I would like to see the comprehensive measurements you base your statements above on, as well as benchmarks in real world usage (rather than just microbenchmarks). Also, benchmarks for something like this should be performed across a few different types of systems/architectures to make sure it is not a major regression on any, including at least one soft-fp configuration (representing embedded / kernel development).
It seems variations of this come up every so often, so I'll also link back to my statement from one of the previous times: [algorithm] new float/double to string algorithm - #2 by Vorpal (as well as the conversion that follows after and then runs out into the sand)

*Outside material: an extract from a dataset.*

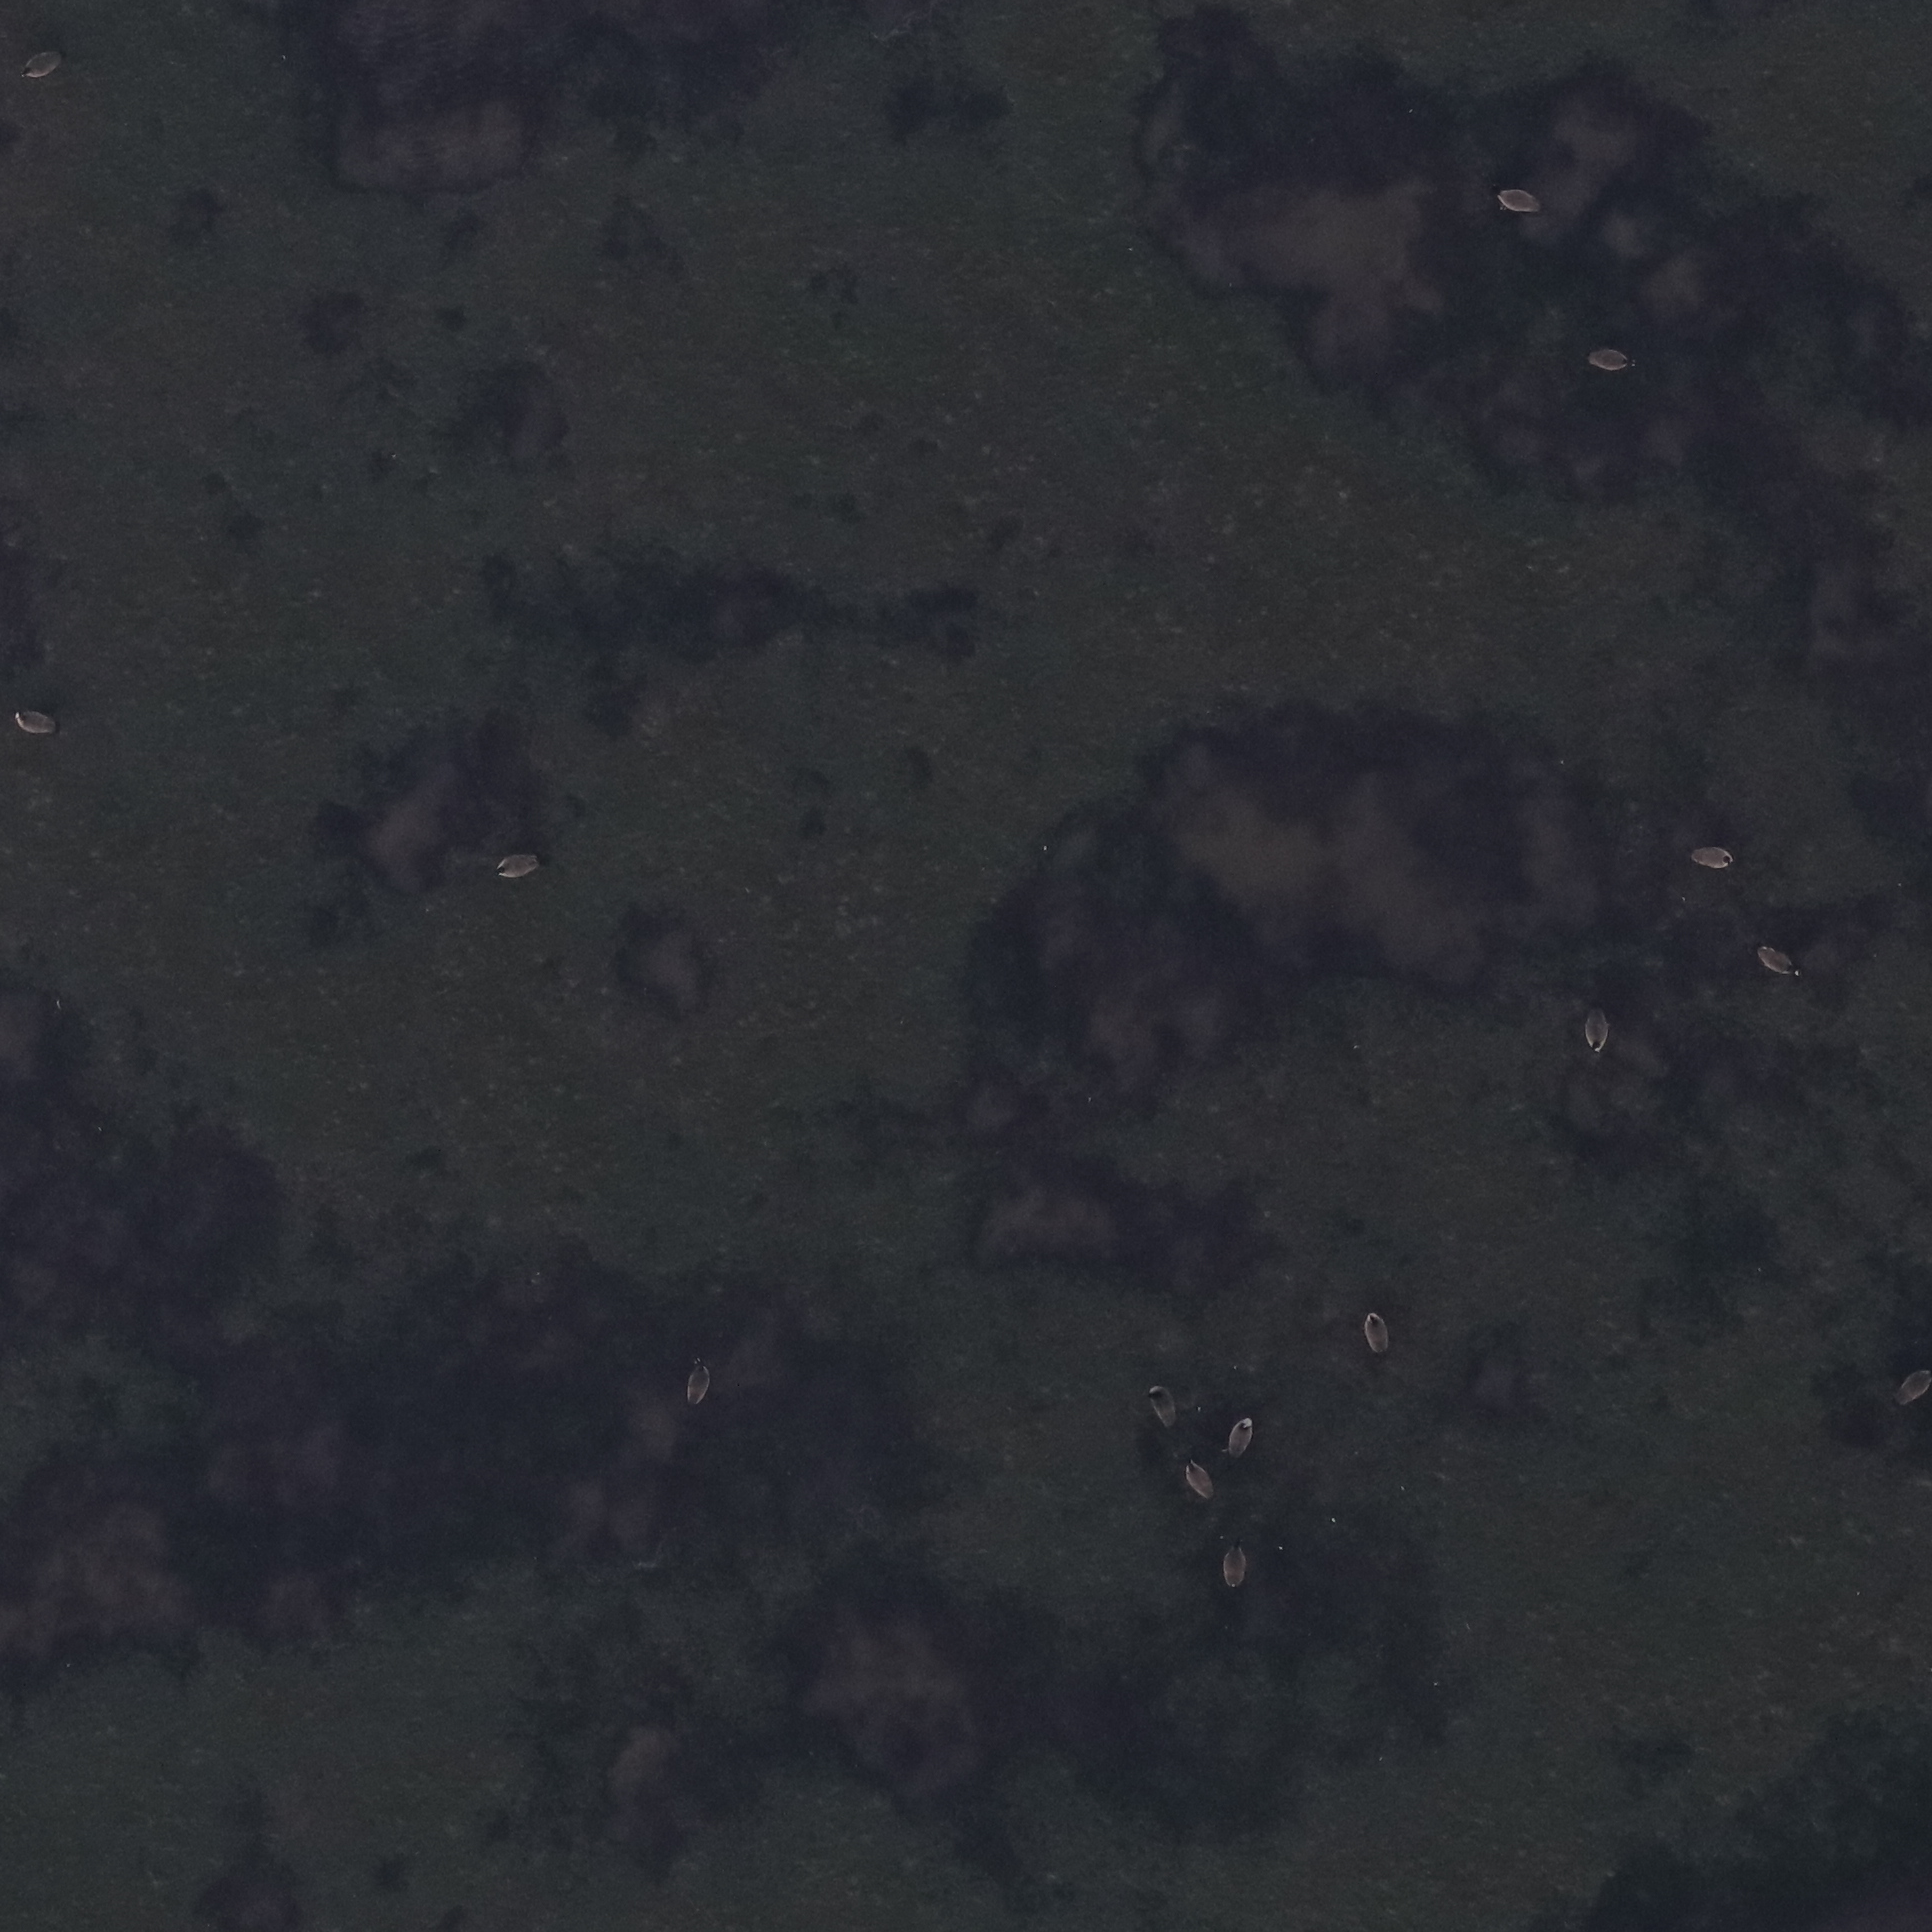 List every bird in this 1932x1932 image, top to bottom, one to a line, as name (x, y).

Note: I'm not saying that the library is bad, just that the bar from std is high, especially for code that ends up in no-std. It needs to work for every use case then.

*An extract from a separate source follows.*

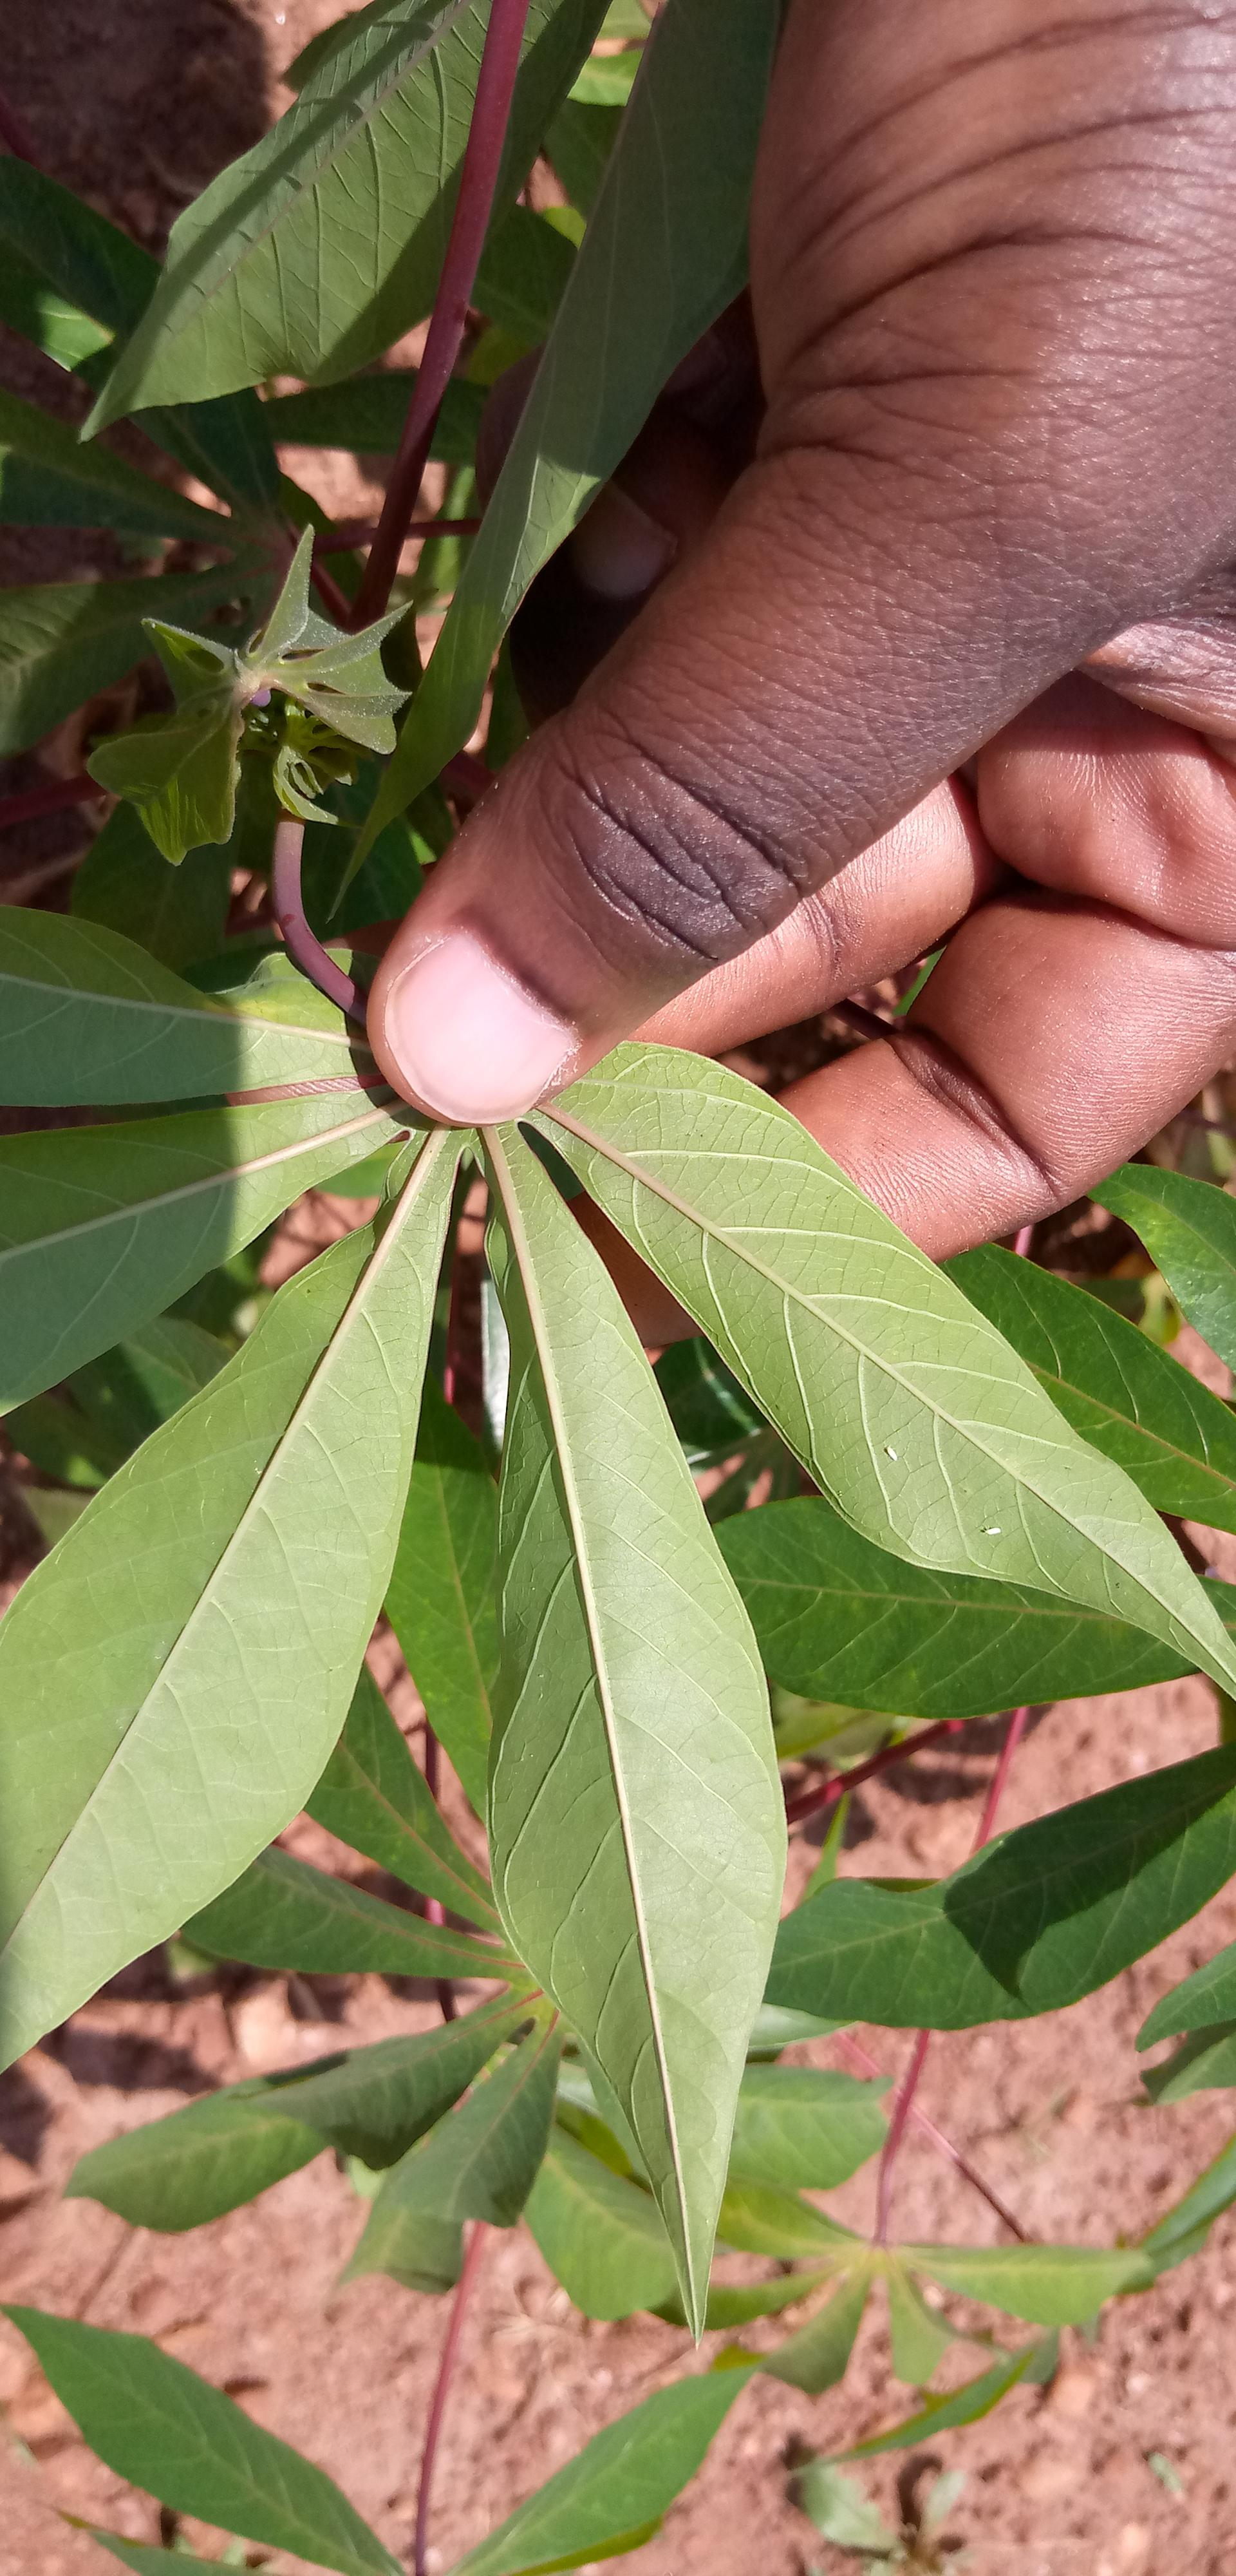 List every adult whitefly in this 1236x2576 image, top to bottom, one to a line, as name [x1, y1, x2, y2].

whitefly [872, 1439, 916, 1476]
whitefly [973, 1516, 1010, 1548]

TBH, what we really need is someone to figure out a language feature for things like the allocator shim so that it can be less special and we can use that mechanism for more things -- like this.
Then core can offer a default implementation that's a fine middle-ground, but people can plug in different things in their binaries depending on their needs: size-optimized ones if you only do this for a couple parameters in a CLI, one that calls out to the C library for embedded that has a C version already, a big-but-fast one for something doing a ton of floats in JSON, etc.
That would potentially be amazing for many other things too, one that comes to mind is being able to make mutex (and other locking primitives, as well as channels) use priority inheritance. That is a thorn in the side of anyone doing hard realtime on Linux currently.